Design/Metadata
From SF Data Wiki
| Home > Design > Metadata |
Contents |
Metadata
This page discusses the requirements on metadata for incoming data files, how we want to get the meta data, and how we want to process it.
Metadata Requirements At Upload Time
Below are detailed the metadata we need for uploading new files. We'll be adding to the metadata things we need for processing and for the web application.
Provider
This is metadata about the provider of the data. This should only need to be entered once, although it may be updated when the provider changes staff.
Must Have
This is metadata we need to have for all incoming files, otherwise we ought to simply discard them.
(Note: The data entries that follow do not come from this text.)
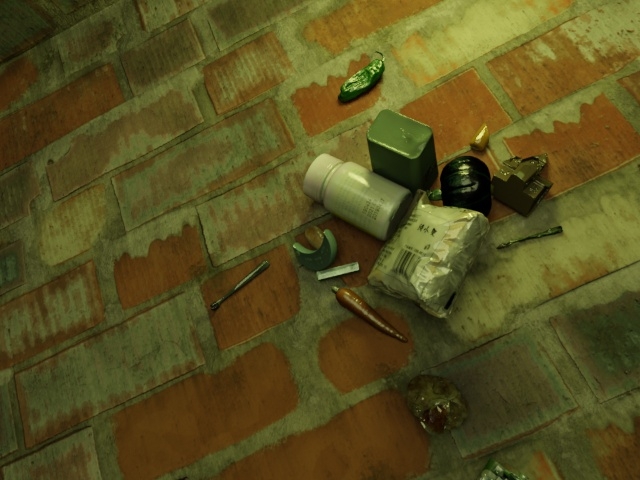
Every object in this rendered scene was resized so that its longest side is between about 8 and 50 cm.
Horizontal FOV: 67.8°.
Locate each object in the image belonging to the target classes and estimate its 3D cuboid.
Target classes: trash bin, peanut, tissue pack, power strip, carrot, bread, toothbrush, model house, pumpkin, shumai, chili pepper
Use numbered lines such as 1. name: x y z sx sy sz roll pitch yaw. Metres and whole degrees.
1. trash bin: 0.294 -0.298 1.714 0.223 0.343 0.158 30 84 20
2. peanut: 0.000 0.000 1.837 0.152 0.076 0.076 41 86 19
3. tissue pack: 0.329 0.033 1.550 0.389 0.195 0.376 -60 30 1
4. power strip: -0.021 0.049 1.793 0.216 0.044 0.137 -26 90 41
5. carrot: 0.171 0.267 1.721 0.336 0.069 0.069 37 84 15
6. bread: 0.620 -0.395 1.821 0.062 0.049 0.103 36 86 21
7. toothbrush: -0.319 0.176 1.882 0.297 0.030 0.030 -40 93 -2
8. model house: 0.749 -0.251 1.700 0.181 0.176 0.248 36 68 22
9. pumpkin: 0.483 -0.174 1.686 0.248 0.248 0.247 -4 72 13
10. shumai: 0.371 0.523 1.522 0.210 0.153 0.161 37 92 17
11. chili pepper: 0.179 -0.679 2.006 0.257 0.074 0.100 -38 68 1

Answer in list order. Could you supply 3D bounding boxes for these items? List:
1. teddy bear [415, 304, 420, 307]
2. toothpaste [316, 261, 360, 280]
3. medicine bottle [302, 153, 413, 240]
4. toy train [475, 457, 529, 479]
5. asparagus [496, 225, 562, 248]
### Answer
1. teddy bear: 0.393 0.153 1.661 0.177 0.140 0.190 31 101 4
2. toothpaste: 0.068 0.119 1.794 0.164 0.046 0.034 -15 72 9
3. medicine bottle: 0.138 -0.167 1.779 0.379 0.213 0.213 31 82 21
4. toy train: 0.574 0.774 1.353 0.307 0.249 0.173 35 81 20
5. asparagus: 0.738 -0.010 1.685 0.233 0.023 0.022 -17 25 8

- Provider name (unique, long text)
- Provider description (long text)
- Provider contact(s) info (one-to-many) (need at least one contact)
- Name (first/last)
- Email (or phone)
- Phone (or email)
Derived Automatically
We can also collect some information about the provider automatically:
- Provider Created On
- Last Update
- Provider ID (text prefix with autonumber, e.g. MAY3451)
Dataset
Each Provider will have zero to several data "series". A Series is a specific set of data files which are related, generally a time series of files periodically generated from the same source. Generally a series will have a single file format.
Must Have
- Name (long text) (unique with Provider Name)
- Provider (link)
Good To Have
Some additional data about the series. We can incent people to enter this because it will auto-populate most of their file information. In some cases, we may be able to derive it from their first files provided.
- First data from: (timestamp)
- File Format: (text) (from list of mime types)
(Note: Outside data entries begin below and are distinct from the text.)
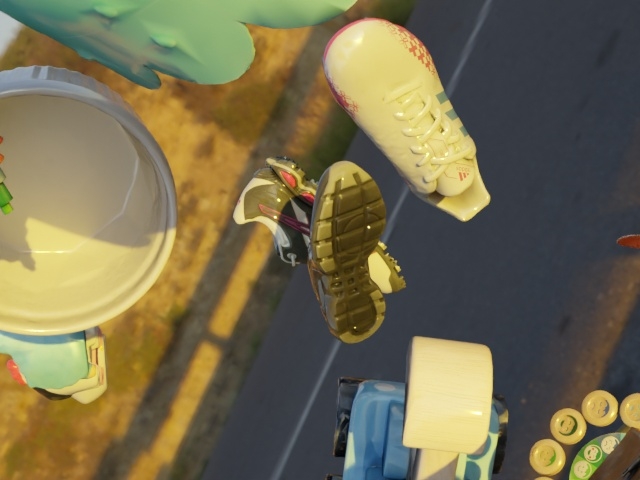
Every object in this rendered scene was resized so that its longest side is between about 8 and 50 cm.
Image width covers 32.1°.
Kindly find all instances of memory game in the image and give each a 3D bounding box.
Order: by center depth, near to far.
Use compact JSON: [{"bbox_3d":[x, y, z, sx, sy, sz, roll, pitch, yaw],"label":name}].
[{"bbox_3d":[0.292,0.238,1.098,0.012,0.186,0.186,41,-110,-56],"label":"memory game"}]

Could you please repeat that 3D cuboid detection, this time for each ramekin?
[{"bbox_3d":[-0.219,-0.039,0.879,0.207,0.207,0.109,-61,22,18],"label":"ramekin"}]

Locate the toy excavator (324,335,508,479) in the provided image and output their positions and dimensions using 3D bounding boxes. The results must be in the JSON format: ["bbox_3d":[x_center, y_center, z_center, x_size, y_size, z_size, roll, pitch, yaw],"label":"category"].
[{"bbox_3d":[0.121,0.275,1.285,0.445,0.223,0.432,-82,-1,-76],"label":"toy excavator"}]

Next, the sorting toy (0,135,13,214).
[{"bbox_3d":[-0.194,-0.026,0.595,0.061,0.042,0.102,-18,23,24],"label":"sorting toy"}]

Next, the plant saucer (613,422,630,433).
[{"bbox_3d":[0.513,0.340,1.466,0.332,0.081,0.332,-58,48,38],"label":"plant saucer"}]

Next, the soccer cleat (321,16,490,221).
[{"bbox_3d":[0.117,-0.132,1.279,0.116,0.331,0.143,-40,56,5],"label":"soccer cleat"}]

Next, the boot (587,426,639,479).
[{"bbox_3d":[0.151,0.248,0.849,0.280,0.096,0.264,-52,-7,-3],"label":"boot"}]

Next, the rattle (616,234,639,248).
[{"bbox_3d":[0.431,0.033,1.162,0.143,0.200,0.130,-28,-44,-25],"label":"rattle"}]

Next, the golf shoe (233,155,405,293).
[{"bbox_3d":[0.000,0.000,1.599,0.120,0.273,0.105,-50,11,-4],"label":"golf shoe"}]

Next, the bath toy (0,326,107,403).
[{"bbox_3d":[-0.323,0.120,1.315,0.348,0.129,0.151,120,145,-75],"label":"bath toy"}]

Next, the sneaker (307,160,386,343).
[{"bbox_3d":[0.017,0.008,1.379,0.106,0.101,0.267,50,151,45],"label":"sneaker"}]

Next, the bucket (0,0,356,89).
[{"bbox_3d":[-0.081,-0.204,0.372,0.281,0.183,0.281,-24,56,42],"label":"bucket"}]

- Data Frequency (interval) (hourly|daily|weekly|biweekly|monthly|quarterly|annually|etc.)
(probably quantity + unit would cover all cases) - Other Data Division (text) (way other than time the files are divided up)
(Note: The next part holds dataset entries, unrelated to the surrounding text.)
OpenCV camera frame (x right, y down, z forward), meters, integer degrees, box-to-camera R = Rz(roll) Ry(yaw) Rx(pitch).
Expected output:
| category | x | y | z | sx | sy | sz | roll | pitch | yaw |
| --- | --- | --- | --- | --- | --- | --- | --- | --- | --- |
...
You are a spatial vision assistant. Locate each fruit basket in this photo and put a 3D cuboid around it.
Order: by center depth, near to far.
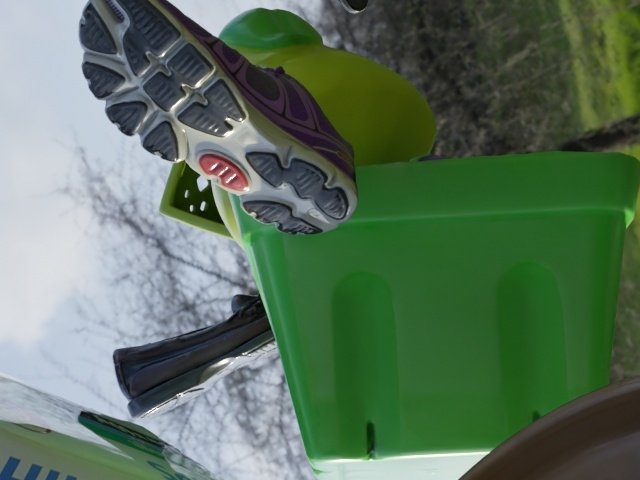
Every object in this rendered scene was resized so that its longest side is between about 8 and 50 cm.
| category | x | y | z | sx | sy | sz | roll | pitch | yaw |
| --- | --- | --- | --- | --- | --- | --- | --- | --- | --- |
| fruit basket | 0.052 | -0.007 | 0.751 | 0.392 | 0.283 | 0.392 | -3 | -90 | -89 |

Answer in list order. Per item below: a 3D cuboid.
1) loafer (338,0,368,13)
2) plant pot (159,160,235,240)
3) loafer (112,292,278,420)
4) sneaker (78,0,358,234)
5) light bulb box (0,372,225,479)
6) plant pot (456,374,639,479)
| category | x | y | z | sx | sy | sz | roll | pitch | yaw |
| --- | --- | --- | --- | --- | --- | --- | --- | --- | --- |
| loafer | 0.040 | -0.420 | 1.521 | 0.061 | 0.062 | 0.170 | 41 | 151 | 63 |
| plant pot | -0.077 | -0.092 | 1.580 | 0.207 | 0.228 | 0.227 | 33 | -103 | -65 |
| loafer | -0.107 | 0.107 | 1.218 | 0.095 | 0.303 | 0.109 | 61 | 176 | 12 |
| sneaker | -0.048 | -0.070 | 0.517 | 0.170 | 0.068 | 0.071 | 40 | -143 | -28 |
| light bulb box | -0.263 | 0.289 | 0.736 | 0.225 | 0.361 | 0.358 | 21 | 170 | 40 |
| plant pot | 0.122 | 0.167 | 0.397 | 0.109 | 0.237 | 0.237 | 49 | -164 | -10 |

- Series Comment (text, optional)
- File Naming Convention (regex) (template of how files in the series are named. defaults to "starts with")
- Data Maps (zero-to-several) (filenames) (links to one or several files which describe or encode mapping the data)
Automatically Derived
- First data uploaded on: (date)
- Last upload: (date)
- Key: (autonumber combined with prefix text, e.g. PRM1324) (needed for bulk loads)
File
This is metadata about the actual file, to be provided with each uploaded file.
Must Have
This is metadata we need to have for all incoming files, otherwise we ought to simply discard them.
- Dataset/Provider (link)
- Data Format (from list of mime types) (if different from Series)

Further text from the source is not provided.